G-proteins are involved in 5-HT receptor-mediated modulation of N- and P/Q- but not T-type Ca2+ channels.

作者信息

Sun Q Q, Dale N

机构信息

School of Biomedical Sciences, University of St. Andrews, Scotland KY16 9TS, United Kingdom.

出版信息

J Neurosci. 1999 Feb 1;19(3):890-9. doi: 10.1523/JNEUROSCI.19-03-00890.1999.

DOI:10.1523/JNEUROSCI.19-03-00890.1999
PMID:9920652
原文链接:https://pmc.ncbi.nlm.nih.gov/articles/PMC6782131/
Abstract

5-HT produces voltage-independent inhibition of the N-, P/Q-, and T-type Ca2+ currents in sensory neurons of Xenopus larvae by acting on 5-HT1A and 5-HT1D receptors.
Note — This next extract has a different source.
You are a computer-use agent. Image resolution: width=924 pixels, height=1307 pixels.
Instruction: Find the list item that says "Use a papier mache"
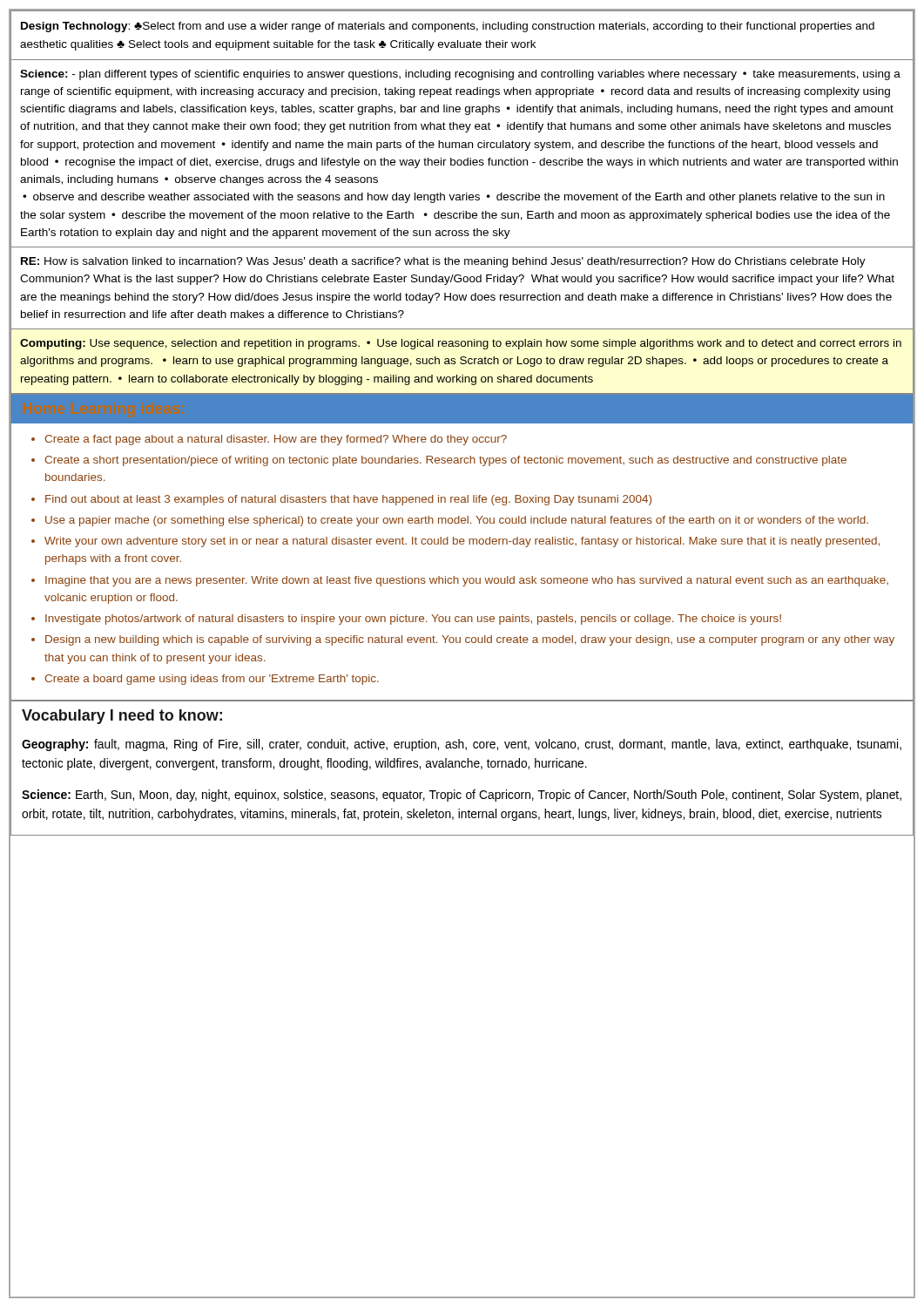457,520

We have explored the underlying mechanisms further and found that the inhibition of high voltage-activated (HVA) currents by 5-HT is mediated by a pertussis toxin-sensitive G-protein that activates a diffusible second messenger. Although modulation of T-type currents is membrane-delimited, it was not affected by GDP-beta-S (2 mM), GTP-gamma-S (200 microM), 5'-guanylyl-imidodiphosphate tetralithium (200 microM), aluminum fluoride (AlF4-, 100 microM), or pertussis toxin, suggesting that a GTP-insensitive pathway was involved. To investigate the modulation of the T currents further, we synthesized peptides that were derived from conserved cytoplasmic regions of the rat 5-HT1A and 5-HT1D receptors. Although two peptides derived from the third cytoplasmic loop inhibited the HVA currents by activating G-proteins and occluded the modulation of HVA currents by 5-HT, two peptides from the second cytoplasmic loop and the C tail had no effect. None of the four receptor-derived peptides had any effect on the T-type currents. We conclude that 5-HT modulates T-type channels by a membrane-delimited pathway that does not involve G-proteins and is mediated by a functional domain of the receptor that is distinct from that which couples to G-proteins.

摘要

5-羟色胺(5-HT)通过作用于5-HT1A和5-HT1D受体,对非洲爪蟾幼体感觉神经元中的N型、P/Q型和T型Ca2+电流产生电压非依赖性抑制。我们进一步探究了其潜在机制,发现5-HT对高电压激活(HVA)电流的抑制作用是由一种百日咳毒素敏感的G蛋白介导的,该G蛋白激活一种可扩散的第二信使。尽管T型电流的调节是膜限定的,但它不受GDP-β-S(2 mM)、GTP-γ-S(200 μM)、5'-鸟苷酰-亚氨基二磷酸四锂(200 μM)、氟化铝(AlF4-,100 μM)或百日咳毒素的影响,这表明涉及一条对GTP不敏感的途径。为了进一步研究T电流的调节,我们合成了源自大鼠5-HT1A和5-HT1D受体保守胞质区域的肽段。尽管源自第三胞质环的两个肽段通过激活G蛋白抑制了HVA电流,并阻断了5-HT对HVA电流的调节,但来自第二胞质环和C末端的两个肽段没有作用。这四个受体衍生肽段对T型电流均无任何影响。我们得出结论,5-HT通过一种膜限定途径调节T型通道,该途径不涉及G蛋白,且由受体的一个功能域介导,该功能域与偶联G蛋白的功能域不同。